> [DATA BLOCK]
━━━━━━
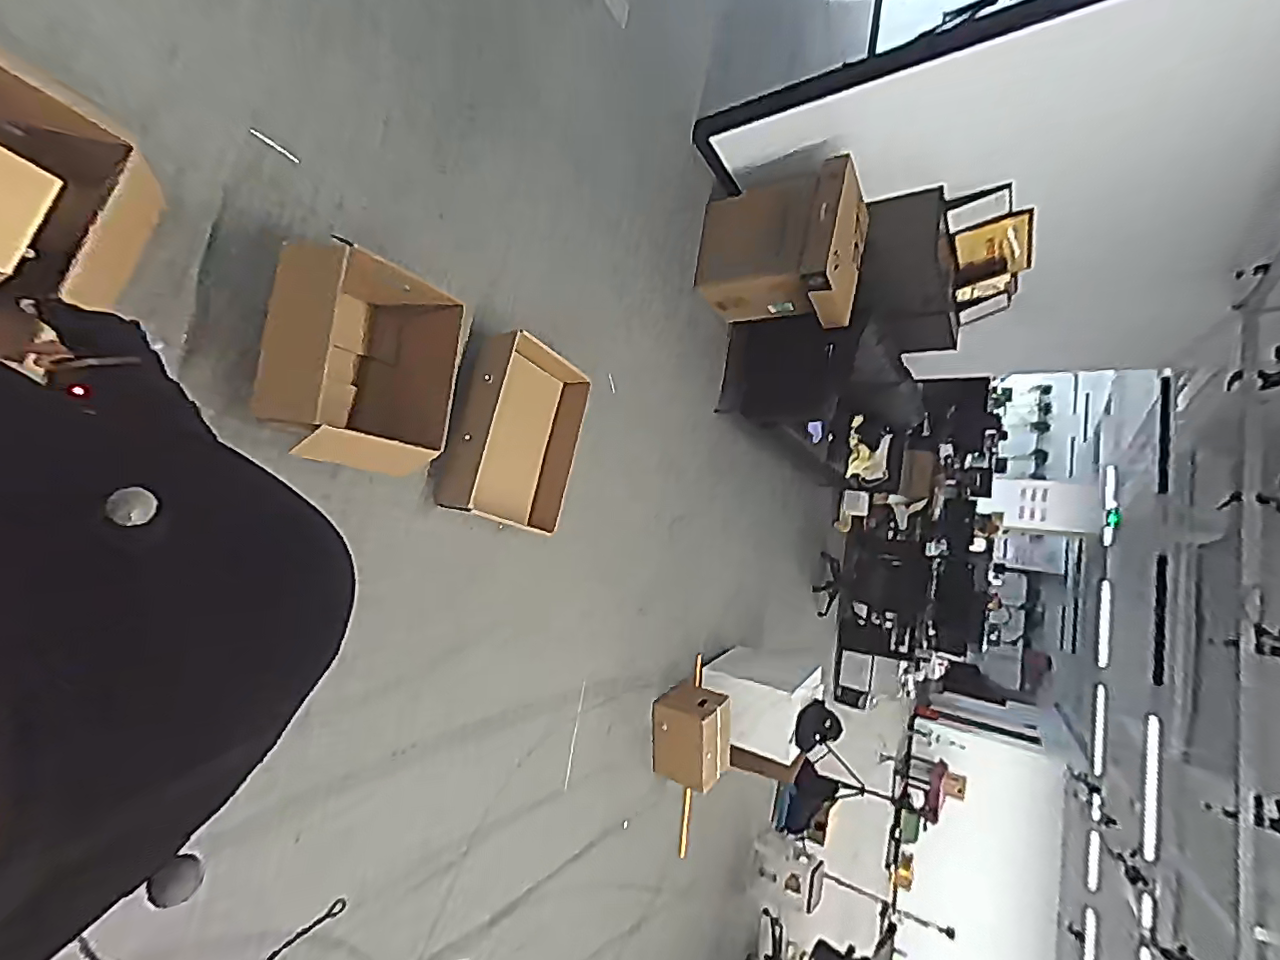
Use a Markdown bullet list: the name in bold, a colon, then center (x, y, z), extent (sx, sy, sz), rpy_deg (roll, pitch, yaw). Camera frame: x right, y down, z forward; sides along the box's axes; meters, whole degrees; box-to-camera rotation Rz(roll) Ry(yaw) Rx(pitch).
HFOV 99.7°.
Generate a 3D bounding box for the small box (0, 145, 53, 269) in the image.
- **small box**: center (-0.994, -0.406, 0.754), extent (0.179, 0.176, 0.168), rpy_deg (31, 67, -54)
━━━━━━
Would you please repeat, exactly as written, the lines from the one containing "HFOV 99.7°." through the end of the listing above, including both, and only those?

HFOV 99.7°.
Generate a 3D bounding box for the small box (0, 145, 53, 269) in the image.
- **small box**: center (-0.994, -0.406, 0.754), extent (0.179, 0.176, 0.168), rpy_deg (31, 67, -54)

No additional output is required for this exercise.